Jamie isn’t spinning flowery words, she is describing her nightly routine. 

In the last scene of the show, we watch Jamie fill the tub with water and stare into it, desperate to see Dani. She does the same with the bathroom sink. Then she settles into a chair in front of her open hotel door to await Dani’s return. If this scene feels familiar, that’s because Bly Manor opens with a nearly identical sequence. In premiere “A Great Good Place,” 2007 Jamie awakes from a nightmare about a featureless woman creeping out of a lake. After nine episodes of staring at Dani, it is clear that ghostly woman is Dani, not Viola. For this introductory scene, Jamie is sitting in front of the open hotel door; the sink and the bathtub are filled with water. We know this isn’t a flashforward from the finale ending because Jamie is wearing a necklace here — and she isn’t wearing one when she goes to bed after the wedding in “Beast.” 
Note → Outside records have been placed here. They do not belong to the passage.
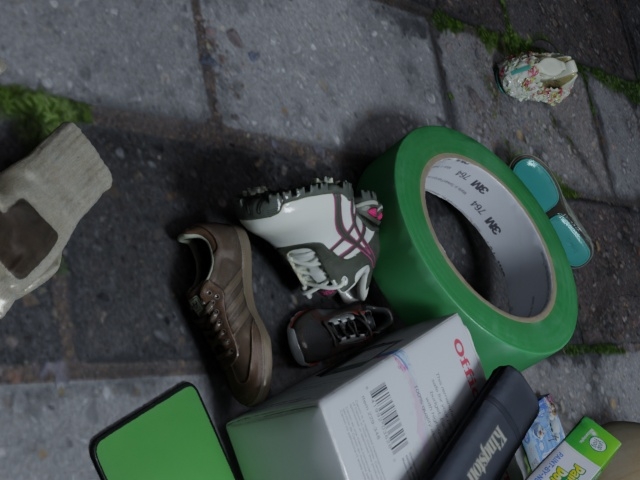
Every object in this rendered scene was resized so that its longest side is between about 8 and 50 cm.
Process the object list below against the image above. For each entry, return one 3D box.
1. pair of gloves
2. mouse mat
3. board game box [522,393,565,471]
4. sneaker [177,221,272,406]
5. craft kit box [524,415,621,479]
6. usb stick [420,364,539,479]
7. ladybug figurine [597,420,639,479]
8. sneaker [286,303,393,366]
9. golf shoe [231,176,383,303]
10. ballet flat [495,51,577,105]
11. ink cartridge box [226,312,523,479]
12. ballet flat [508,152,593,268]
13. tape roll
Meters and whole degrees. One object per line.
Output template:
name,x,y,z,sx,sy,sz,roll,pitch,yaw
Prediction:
pair of gloves,-0.295,-0.066,1.019,0.240,0.042,0.204,48,44,-24
mouse mat,-0.125,0.239,1.126,0.153,0.007,0.189,-28,98,-54
board game box,0.300,0.262,1.662,0.090,0.020,0.090,-18,90,-55
sneaker,-0.100,0.073,1.205,0.071,0.066,0.188,3,66,-35
craft kit box,0.191,0.333,1.287,0.061,0.250,0.247,35,41,17
usb stick,0.157,0.221,1.250,0.278,0.045,0.077,-43,111,-52
ladybug figurine,0.492,0.464,1.696,0.305,0.162,0.449,2,72,-53
sneaker,0.024,0.093,1.341,0.158,0.065,0.061,-17,88,-55
golf shoe,0.000,0.000,1.295,0.273,0.105,0.120,12,74,-63
ballet flat,0.361,-0.260,1.944,0.241,0.077,0.091,-17,87,-55
ink cartridge box,0.067,0.231,1.276,0.306,0.131,0.226,-21,92,-56
ballet flat,0.334,-0.048,1.831,0.213,0.072,0.068,54,11,-22
tape roll,0.184,0.012,1.521,0.321,0.077,0.321,29,42,-29
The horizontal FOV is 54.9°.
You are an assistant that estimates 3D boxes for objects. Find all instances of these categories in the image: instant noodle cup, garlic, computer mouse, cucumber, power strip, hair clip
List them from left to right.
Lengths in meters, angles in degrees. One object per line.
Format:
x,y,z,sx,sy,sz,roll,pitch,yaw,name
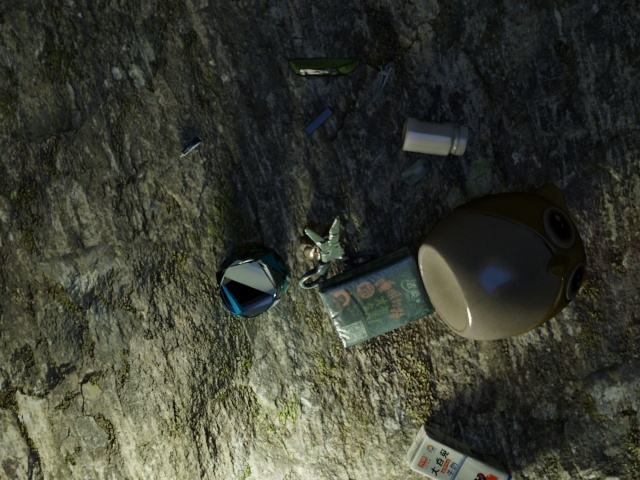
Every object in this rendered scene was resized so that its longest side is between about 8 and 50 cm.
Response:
-0.214,0.130,1.893,0.240,0.178,0.240,0,99,-1,instant noodle cup
-0.006,-0.367,1.894,0.111,0.038,0.029,-42,95,5,power strip
0.000,0.000,1.872,0.127,0.194,0.131,25,89,-2,garlic
0.014,-0.522,1.862,0.220,0.070,0.046,-2,128,2,cucumber
0.181,-0.482,1.885,0.039,0.030,0.115,26,95,15,hair clip
0.300,-0.214,1.920,0.110,0.032,0.056,-40,96,5,computer mouse

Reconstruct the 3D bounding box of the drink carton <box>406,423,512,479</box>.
0.449,0.737,2.021,0.315,0.106,0.130,26,95,-2,drink carton

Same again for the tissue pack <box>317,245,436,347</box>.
0.175,0.181,1.925,0.315,0.103,0.228,-22,113,3,tissue pack

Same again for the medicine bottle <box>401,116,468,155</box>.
0.345,-0.313,1.871,0.186,0.103,0.103,7,98,-2,medicine bottle

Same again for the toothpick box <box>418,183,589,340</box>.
0.536,0.062,1.769,0.425,0.409,0.409,-23,98,-11,toothpick box

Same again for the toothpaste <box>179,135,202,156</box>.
-0.405,-0.289,1.914,0.083,0.019,0.027,-43,79,2,toothpaste

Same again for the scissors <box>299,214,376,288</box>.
0.028,0.033,1.805,0.256,0.383,0.029,-22,64,1,scissors
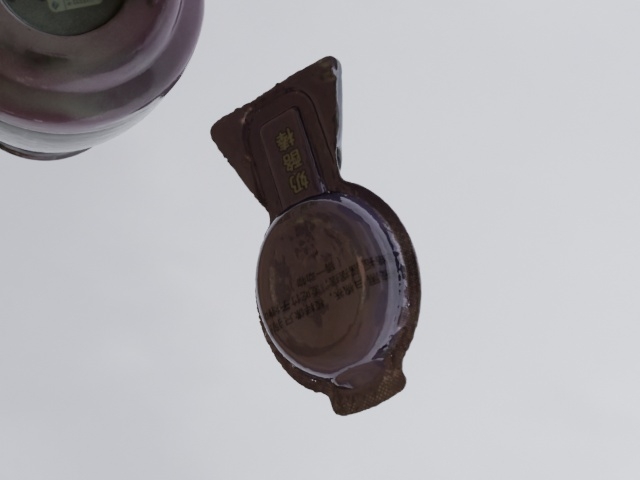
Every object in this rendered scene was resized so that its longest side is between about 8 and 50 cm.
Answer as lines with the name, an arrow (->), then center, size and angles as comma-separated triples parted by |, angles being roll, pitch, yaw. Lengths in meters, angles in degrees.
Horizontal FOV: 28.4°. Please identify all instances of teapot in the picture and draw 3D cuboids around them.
teapot -> -0.131, -0.083, 0.548 | 0.116, 0.148, 0.146 | 66, -19, 6

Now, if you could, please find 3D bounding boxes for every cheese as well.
cheese -> 0.000, 0.000, 0.683 | 0.105, 0.042, 0.191 | -27, -109, 29
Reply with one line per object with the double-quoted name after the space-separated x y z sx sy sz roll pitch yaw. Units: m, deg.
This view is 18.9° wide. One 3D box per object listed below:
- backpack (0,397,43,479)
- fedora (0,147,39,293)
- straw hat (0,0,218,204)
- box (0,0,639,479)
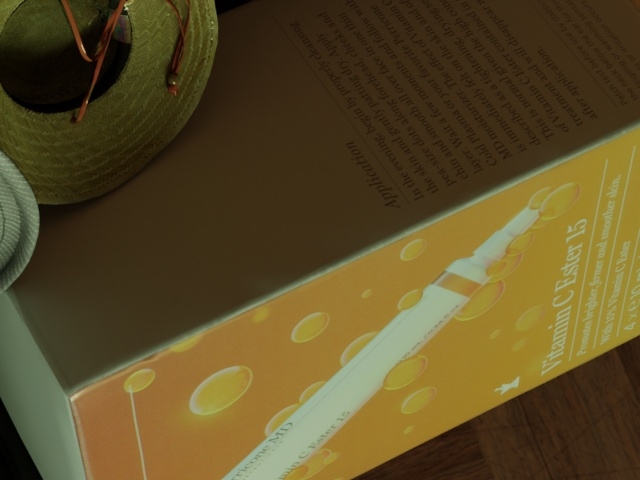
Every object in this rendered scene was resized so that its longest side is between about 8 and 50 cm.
-0.264 0.153 1.145 0.191 0.253 0.225 -41 162 11 "backpack"
-0.261 0.026 0.792 0.275 0.124 0.244 -9 147 30 "fedora"
-0.122 -0.090 0.874 0.144 0.144 0.061 -12 -156 -34 "straw hat"
0.000 0.000 0.998 0.345 0.168 0.215 -25 148 -16 "box"
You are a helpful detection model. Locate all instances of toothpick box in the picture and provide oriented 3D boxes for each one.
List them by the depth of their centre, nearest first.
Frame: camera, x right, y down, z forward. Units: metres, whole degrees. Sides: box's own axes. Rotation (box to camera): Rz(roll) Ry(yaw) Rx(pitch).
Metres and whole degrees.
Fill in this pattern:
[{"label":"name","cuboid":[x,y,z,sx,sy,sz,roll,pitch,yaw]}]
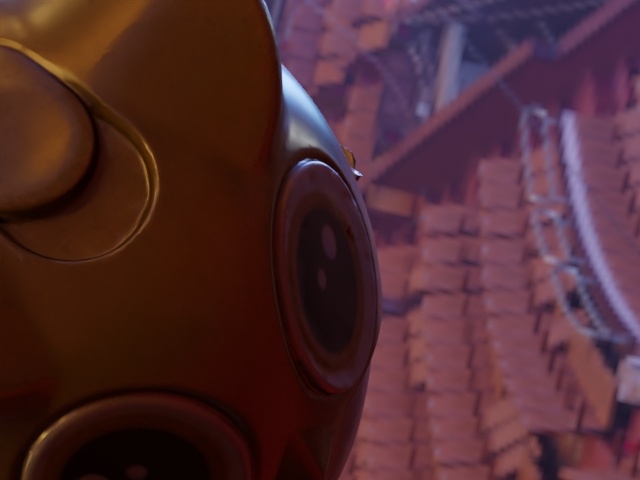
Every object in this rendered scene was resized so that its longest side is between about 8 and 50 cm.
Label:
[{"label":"toothpick box","cuboid":[-0.158,0.043,1.137,0.425,0.408,0.409,91,-170,-62]}]

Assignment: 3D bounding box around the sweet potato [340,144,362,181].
[{"label":"sweet potato","cuboid":[0.007,-0.001,1.772,0.286,0.085,0.112,84,179,-66]}]
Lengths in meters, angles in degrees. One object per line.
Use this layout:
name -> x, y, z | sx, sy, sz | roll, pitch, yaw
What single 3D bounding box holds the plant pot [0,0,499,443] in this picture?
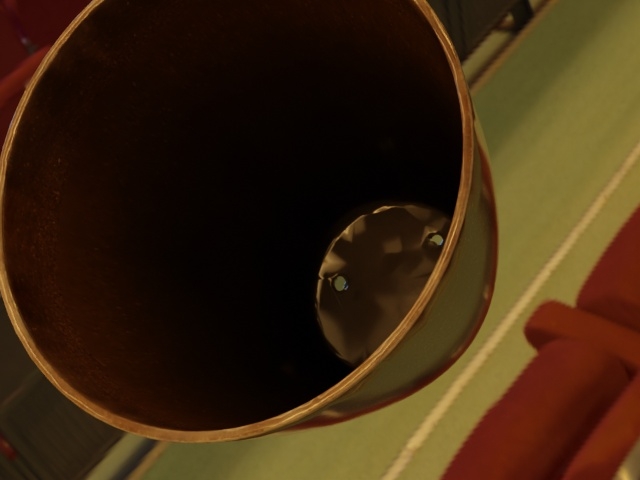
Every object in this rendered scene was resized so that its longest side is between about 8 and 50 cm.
plant pot -> 0.000, 0.000, 0.545 | 0.215, 0.230, 0.215 | -6, 73, 22
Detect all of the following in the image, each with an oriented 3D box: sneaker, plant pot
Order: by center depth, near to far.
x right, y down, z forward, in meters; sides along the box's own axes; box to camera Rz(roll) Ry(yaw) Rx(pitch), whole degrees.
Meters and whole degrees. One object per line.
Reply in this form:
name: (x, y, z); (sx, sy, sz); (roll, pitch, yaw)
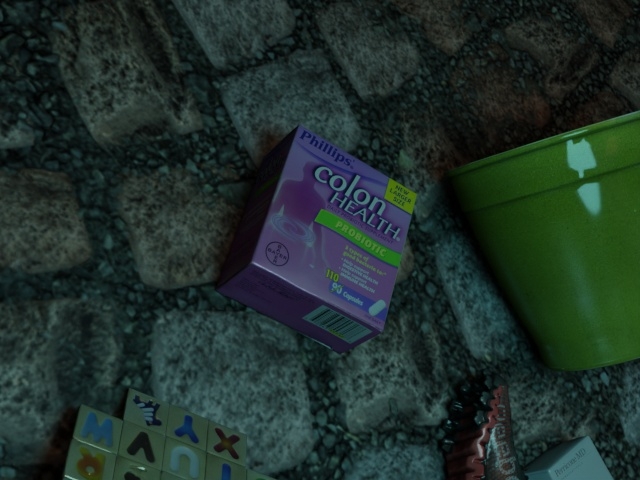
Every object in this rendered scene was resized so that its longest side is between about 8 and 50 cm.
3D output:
sneaker: (0.244, 0.327, 1.416); (0.135, 0.097, 0.276); (25, 59, -20)
plant pot: (0.422, 0.006, 1.545); (0.366, 0.366, 0.353); (-18, 90, -37)

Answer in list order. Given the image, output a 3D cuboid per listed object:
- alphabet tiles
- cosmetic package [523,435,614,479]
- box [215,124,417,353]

This is simply how Jamie lives every single day of her life without Dani. However, the hand in the final shot suggests some piece of Dani has returned to Jamie to watch over her. Her body might reside in Bly, and even the main chunk of her soul (as Jamie theorises earlier, Dani is cursed to “walk the grounds of Bly” forever), but some piece of Dani is still standing beside Jamie as she sleeps. She has “come back” for Jamie, as she asked. As we can see from the shot, Dani’s hand looks more human than lake ghost, hinting the purest part of Dani — the one Viola couldn’t corrupt — has silently stayed with Jamie all these years (maybe due to her connection to their rings). When Jamie dies, it’s possible she will see that Dani never really left her at all.

As Amelia Eve said on Bly Manor‘s set, the takeaway from her character is, “that humans aren’t so bad after all, I guess. That sometimes [love] is worth it. They are good eggs sometimes.” Dani still feels the same way about Jamie, even from beyond the grave.